I could say more, but I hope this is helpful even if you disagree.
You say it’s ugly but it is at the back and you don’t need to go there. In a traditional book you have the copyright page, which is similar in a way.
As for HTML, yes, we are working on this additionally, but Visual-Meta will remain the long term archival format for us, since all the metadata is displayed, nothing is hidden.
The copyright page in a traditional book is not similar; it gives the copyright information and publisher contact information and other information that cannot be found elsewhere in the book. Visual-Meta is entirely redundant; it is information that is already rendered beautifully elsewhere in the book and in the standard table of contents metadata. It should not be in the visually rendered pages.
Not really. Many academic documents at least contain no citation information, especially when downloaded as a article from a Journal. If you don’t want to see Visual-Meta, don’t. Do you object to books having an index and appendices in general?
All professionally published academic documents contain human-readable citation information about the document itself, and the problem of how to extract this information with a computer has already been solved with scraping algorithms.
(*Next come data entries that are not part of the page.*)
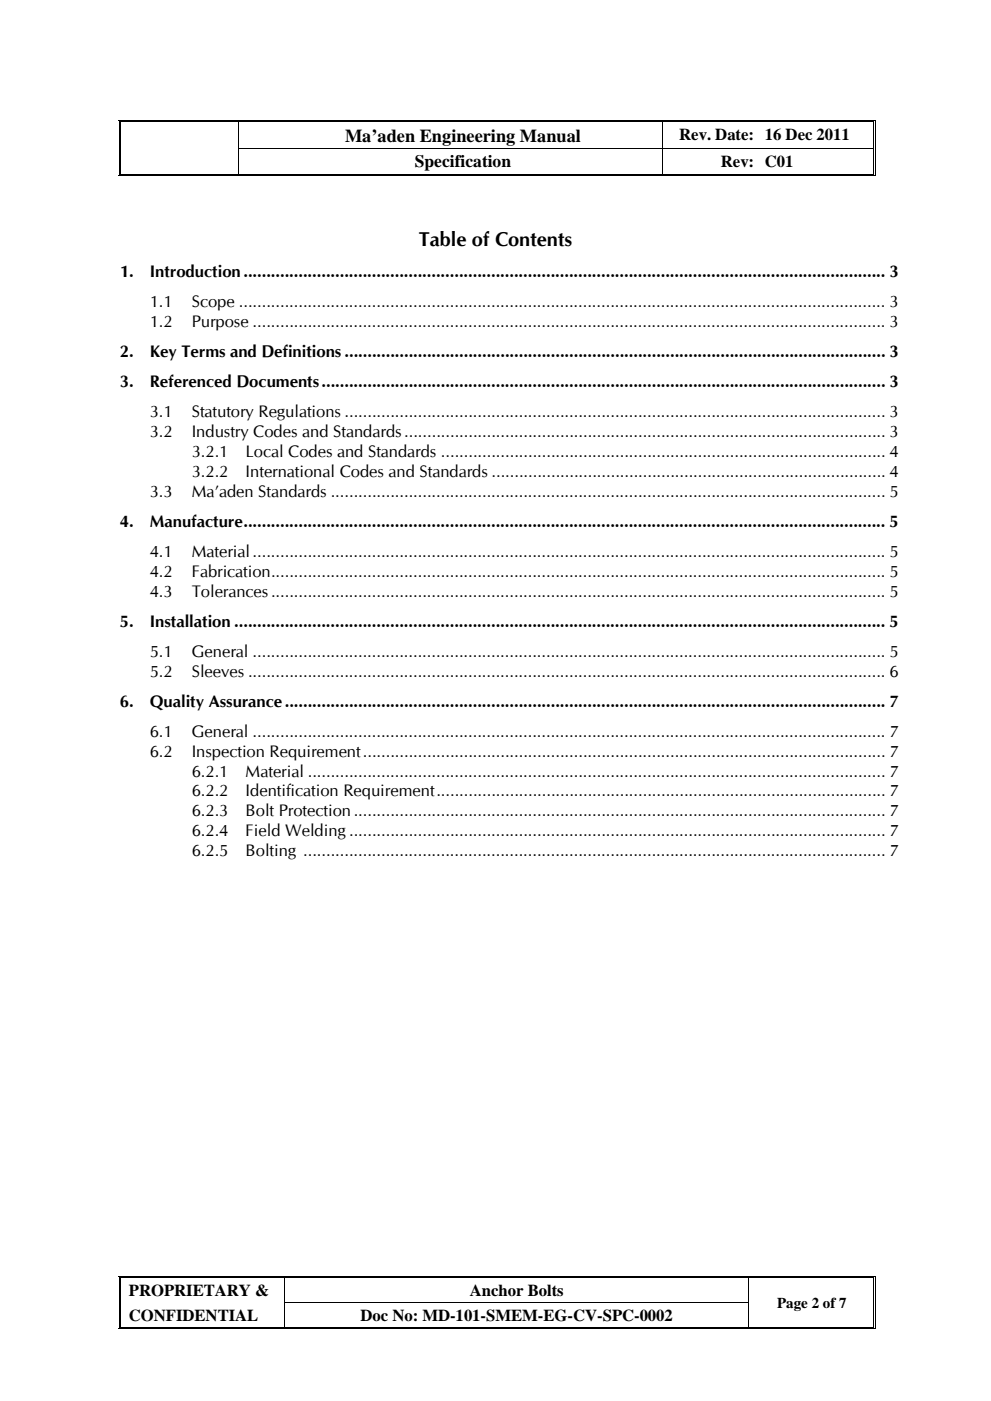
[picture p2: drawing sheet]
<svg xmlns="http://www.w3.org/2000/svg" width="210mm" height="297mm" viewBox="0 0 210 297" stroke-linecap="round" stroke-linejoin="round" font-family="sans-serif">
<defs><g id="words">
<text font-size="4.2" x="88.8" y="52.2">Table of Contents</text>
<text font-size="3.9" x="73.1" y="30">Ma’aden Engineering Manual</text>
<text font-size="3.7" x="87.9" y="35.5">Specification</text>
<g font-size="3.5">
<text x="144" y="29.7">Rev. Date: 16 Dec 2011</text>
<text x="152.8" y="35.3">Rev: C01</text>
<text x="25.4" y="58.7">1.</text>
<text x="31.7" y="58.7">Introduction............................................................................................................................................ 3</text>
<text x="31.7" y="65.1">1.1</text>
<text x="40.6" y="65.1">Scope ............................................................................................................................................. 3</text>
<text x="31.7" y="69.3">1.2</text>
<text x="40.6" y="69.3">Purpose .......................................................................................................................................... 3</text>
<text x="25.4" y="75.7">2.</text>
<text x="31.7" y="75.7">Key Terms and Definitions ...................................................................................................................... 3</text>
<text x="25.4" y="82">3.</text>
<text x="31.7" y="82">Referenced Documents........................................................................................................................... 3</text>
<text x="31.7" y="88.4">3.1</text>
<text x="40.6" y="88.4">Statutory Regulations ...................................................................................................................... 3</text>
<text x="31.7" y="92.6">3.2</text>
<text x="40.6" y="92.6">Industry Codes and Standards......................................................................................................... 3</text>
<text x="40.6" y="96.8">3.2.1</text>
<text x="40.6" y="101.1">3.2.2</text>
<text x="52.1" y="96.8">Local Codes and Standards ................................................................................................. 4</text>
<text x="52.1" y="101.1">International Codes and Standards ...................................................................................... 4</text>
<text x="31.7" y="105.3">3.3</text>
<text x="40.6" y="105.3">Ma’aden Standards ......................................................................................................................... 5</text>
<text x="25.4" y="111.7">4.</text>
<text x="31.7" y="111.7">Manufacture............................................................................................................................................ 5</text>
<text x="31.7" y="118">4.1</text>
<text x="40.6" y="118">Material.......................................................................................................................................... 5</text>
<text x="31.7" y="122.2">4.2</text>
<text x="40.6" y="122.2">Fabrication...................................................................................................................................... 5</text>
<text x="31.7" y="126.5">4.3</text>
<text x="40.6" y="126.5">Tolerances...................................................................................................................................... 5</text>
<text x="25.4" y="132.8">5.</text>
<text x="31.7" y="132.8">Installation .............................................................................................................................................. 5</text>
<text x="31.7" y="139.2">5.1</text>
<text x="31.7" y="143.4">5.2</text>
<text x="40.6" y="139.2">General .......................................................................................................................................... 5</text>
<text x="40.6" y="143.4">Sleeves ........................................................................................................................................... 6</text>
<text x="25.4" y="149.8">6.</text>
<text x="31.7" y="149.8">Quality Assurance................................................................................................................................... 7</text>
<text x="31.7" y="156.1">6.1</text>
<text x="31.7" y="160.3">6.2</text>
<text x="40.6" y="156.1">General .......................................................................................................................................... 7</text>
<text x="40.6" y="160.3">Inspection Requirement.................................................................................................................. 7</text>
<text x="40.6" y="164.6">6.2.1</text>
<text x="52.1" y="164.6">Material .............................................................................................................................. 7</text>
<text x="40.6" y="168.8">6.2.2</text>
<text x="40.6" y="173">6.2.3</text>
<text x="52.1" y="168.8">Identification Requirement.................................................................................................. 7</text>
<text x="52.1" y="173">Bolt Protection.................................................................................................................... 7</text>
<text x="40.6" y="177.3">6.2.4</text>
<text x="52.1" y="177.3">Field Welding ..................................................................................................................... 7</text>
<text x="40.6" y="181.5">6.2.5</text>
<text x="52.1" y="181.5">Bolting ............................................................................................................................... 7</text>
<text x="27.3" y="274.7">PROPRIETARY &amp;</text>
<text x="99.6" y="274.7">Anchor Bolts</text>
<text x="27.3" y="279.9">CONFIDENTIAL</text>
<text x="76.4" y="279.9">Doc No: MD-101-SMEM-EG-CV-SPC-0002</text>
</g>
<text font-size="3.2" x="164.7" y="277.2">Page 2 of 7</text>
</g></defs>
<g fill="#000">
<path d="M25.1 25.4h.2v1h-.2z" fill-rule="evenodd"/>
<path d="M25.1 25.4h.6v.2h-.6z" fill-rule="evenodd"/>
<path d="M25.1 31.4h.2v.6h-.2z" fill-rule="evenodd"/>
<path d="M25.1 36.8h.2v.5h-.2z" fill-rule="evenodd"/>
<path d="M25.1 37.2h.6v.1h-.6z" fill-rule="evenodd"/>
<path d="M25.5 25.7h.2v.7h-.2z" fill-rule="evenodd"/>
<path d="M25.5 25.7h.2v.2h-.2z" fill-rule="evenodd"/>
<path d="M25.5 31.4h.2v.6h-.2z" fill-rule="evenodd"/>
<path d="M25.5 36.8h.2v.2h-.2z" fill-rule="evenodd"/>
<path d="M25.5 36.8h.2v.2h-.2z" fill-rule="evenodd"/>
<path d="M50.6 25.9h.1v.5h-.1z" fill-rule="evenodd"/>
<path d="M50.6 25.4h.5v.2h-.5z" fill-rule="evenodd"/>
<path d="M50.6 25.7h.5v.2h-.5z" fill-rule="evenodd"/>
<path d="M50.6 31.4h.1v.6h-.1z" fill-rule="evenodd"/>
<path d="M50.6 36.8h.5v.2h-.5z" fill-rule="evenodd"/>
<path d="M50.6 37.2h.5v.1h-.5z" fill-rule="evenodd"/>
<path d="M140.3 25.9h.2v.5h-.2z" fill-rule="evenodd"/>
<path d="M140.3 25.4h.5v.2h-.5z" fill-rule="evenodd"/>
<path d="M140.3 25.7h.5v.2h-.5z" fill-rule="evenodd"/>
<path d="M140.3 31.4h.2v.6h-.2z" fill-rule="evenodd"/>
<path d="M140.3 36.8h.5v.2h-.5z" fill-rule="evenodd"/>
<path d="M140.3 37.2h.5v.1h-.5z" fill-rule="evenodd"/>
<path d="M160.4 25.4h.5v.2h-.5z" fill-rule="evenodd"/>
<path d="M160.4 25.7h.5v.2h-.5z" fill-rule="evenodd"/>
<path d="M160.4 31.4h.2v.1h-.2z" fill-rule="evenodd"/>
<path d="M160.4 36.8h.5v.2h-.5z" fill-rule="evenodd"/>
<path d="M160.4 37.2h.5v.1h-.5z" fill-rule="evenodd"/>
<path d="M185.2 25.4h.5v.2h-.5z" fill-rule="evenodd"/>
<path d="M185.2 25.7h.1v.7h-.1z" fill-rule="evenodd"/>
<path d="M185.2 25.7h.1v.2h-.1z" fill-rule="evenodd"/>
<path d="M185.2 31.4h.1v.6h-.1z" fill-rule="evenodd"/>
<path d="M185.2 37.2h.5v.1h-.5z" fill-rule="evenodd"/>
<path d="M185.2 36.8h.1v.2h-.1z" fill-rule="evenodd"/>
<path d="M185.2 36.8h.1v.2h-.1z" fill-rule="evenodd"/>
<path d="M185.5 25.4h.2v1h-.2z" fill-rule="evenodd"/>
<path d="M185.5 31.4h.2v.6h-.2z" fill-rule="evenodd"/>
<path d="M185.5 36.8h.2v.5h-.2z" fill-rule="evenodd"/>
<path d="M25.1 270.4h.2v1h-.2z" fill-rule="evenodd"/>
<path d="M25.1 270.4h.6v.1h-.6z" fill-rule="evenodd"/>
<path d="M25.1 275.9h.2v.7h-.2z" fill-rule="evenodd"/>
<path d="M25.5 270.7h.2v.7h-.2z" fill-rule="evenodd"/>
<path d="M25.5 270.7h.2v.2h-.2z" fill-rule="evenodd"/>
<path d="M25.5 275.9h.2v.7h-.2z" fill-rule="evenodd"/>
<path d="M60.2 270.9h.2v.5h-.2z" fill-rule="evenodd"/>
<path d="M60.2 270.4h.5v.1h-.5z" fill-rule="evenodd"/>
<path d="M60.2 270.7h.5v.2h-.5z" fill-rule="evenodd"/>
<path d="M60.2 275.9h.2v.7h-.2z" fill-rule="evenodd"/>
<path d="M158.7 270.9h.1v.5h-.1z" fill-rule="evenodd"/>
<path d="M158.7 270.4h.5v.1h-.5z" fill-rule="evenodd"/>
<path d="M158.7 270.7h.5v.2h-.5z" fill-rule="evenodd"/>
<path d="M158.7 275.9h.1v.7h-.1z" fill-rule="evenodd"/>
<path d="M185.2 270.4h.5v.1h-.5z" fill-rule="evenodd"/>
<path d="M185.2 270.7h.1v.7h-.1z" fill-rule="evenodd"/>
<path d="M185.2 270.7h.1v.2h-.1z" fill-rule="evenodd"/>
<path d="M185.2 275.9h.1v.7h-.1z" fill-rule="evenodd"/>
<path d="M185.5 270.4h.2v1h-.2z" fill-rule="evenodd"/>
<path d="M185.5 275.9h.2v.7h-.2z" fill-rule="evenodd"/>
<path d="M25.1 281.2h.2v.5h-.2z" fill-rule="evenodd"/>
<path d="M25.1 281.5h.6v.2h-.6z" fill-rule="evenodd"/>
<path d="M25.5 281.2h.2v.1h-.2z" fill-rule="evenodd"/>
<path d="M25.5 281.2h.2v.1h-.2z" fill-rule="evenodd"/>
<path d="M60.2 281.2h.5v.1h-.5z" fill-rule="evenodd"/>
<path d="M60.2 281.5h.5v.2h-.5z" fill-rule="evenodd"/>
<path d="M158.7 281.2h.5v.1h-.5z" fill-rule="evenodd"/>
<path d="M158.7 281.5h.5v.2h-.5z" fill-rule="evenodd"/>
<path d="M185.2 281.5h.5v.2h-.5z" fill-rule="evenodd"/>
<path d="M185.2 281.2h.1v.1h-.1z" fill-rule="evenodd"/>
<path d="M185.2 281.2h.1v.1h-.1z" fill-rule="evenodd"/>
<path d="M185.5 281.2h.2v.5h-.2z" fill-rule="evenodd"/>
</g>
<g fill="none" stroke="#000" stroke-width=".21">
<path d="M25.2 26.4v5M25.2 32v4.8M25.6 26.4v5M25.6 32v4.8M25.7 25.5h24.9M25.7 25.8h24.9M25.7 37.3h24.9M25.7 36.9h24.9M50.7 26.4v5M50.7 32v4.8M50.7 31.5h89.6M51.1 25.5h89.2"/>
<path d="M51.1 25.8h89.2M51.1 37.3h89.2M51.1 36.9h89.2M140.4 26.4v5M140.4 32v4.8M140.5 31.5h19.9M140.8 25.5h19.6M140.8 25.8h19.6M140.8 37.3h19.6M140.8 36.9h19.6M160.6 31.5h24.6M160.9 25.5h24.3"/>
<path d="M160.9 25.8h24.3M160.9 37.3h24.3M160.9 36.9h24.3M185.3 26.4v5M185.3 32v4.8M185.6 26.4v5M185.6 32v4.8M25.2 271.4v4.5M25.2 276.6v4.6M25.6 271.4v4.5M25.6 276.6v4.6M25.7 270.4h34.5"/>
<path d="M25.7 270.8h34.5M60.3 271.4v4.5M60.3 276.6v4.6M60.4 276h98.3M60.7 270.4h98M60.7 270.8h98M158.8 271.4v4.5M158.8 276.6v4.6M159.2 270.4h26M159.2 270.8h26M185.3 271.4v4.5M185.3 276.6v4.6"/>
<path d="M185.6 271.4v4.5M185.6 276.6v4.6M25.7 281.6h34.5M25.7 281.3h34.5M60.7 281.6h98M60.7 281.3h98M159.2 281.6h26M159.2 281.3h26"/>
</g>
<use href="#words"/>
</svg>

Academic citation information is also embedded in standard metadata in HTML formats, including the parts of edited collections, and something similar could be devised for PDFs.
There is no way not to see Visual-Meta when it is visually rendered as part of the page except to close one’s eyes, which is rather ridiculous to ask of a reader.
And again, the implied analogy from Visual-Meta to indices and appendices is false: the latter are nonredundant information designed for humans, beautifully typeset and highly readable based on well-established user interface design principles even before a book was called a user interface. Visual-Meta violates such good design principles. HTML-based formats don’t show readers the HTML code (although readers can get to the code if they want it), and likewise well-designed PDFs shouldn’t show readers the raw Visual-Meta code. Visual-Meta tries to solve a real problem, but solves it badly. There is a better way.
OK Nathan Artist, that’s enough I think, we don’t agree and that’s ok.
PDFs from academic download sites for example, do contain plenty metadata on the download page but often nothing in the document. That’s not good enough.
You think it’s awful to have an appendix and that is your opinion. Personally I don’t go to the end of all the books or academic documents I read and go through all the appendices and the index and so on, but since you feel you must do this, that is really up to you. From my experience readers are capable of stopping.
As I mentioned a few times we are also working on HTML and JOSN, those formats provide interaction but not long life archive, in my opinion.
If you think it could be done better, please do so, I think competition for richly embedded metadata that’s robust would be wonderful. If you want to ‘compete’ with this concept I request you also test it by printing it out and scanning it in again, something an archival format should be able to do, and see if you have all the metadata intact.
why not then go “full-on permanent archive” and build on blockchain?
We are indeed looking at blockchain but will it be guaranteed readable in 500 years? I think a PDF or a printed PDF will have better chances in the very long run.
ps — pdfs can be modified and spread around varying from the master source
Yes absolutely, which is very useful for reading, but I don’t think anyone would want to to writing straight onto a PDF, even in Acrobat, do you? PDF is publishing format, not a manuscript, and therefore has different affordances.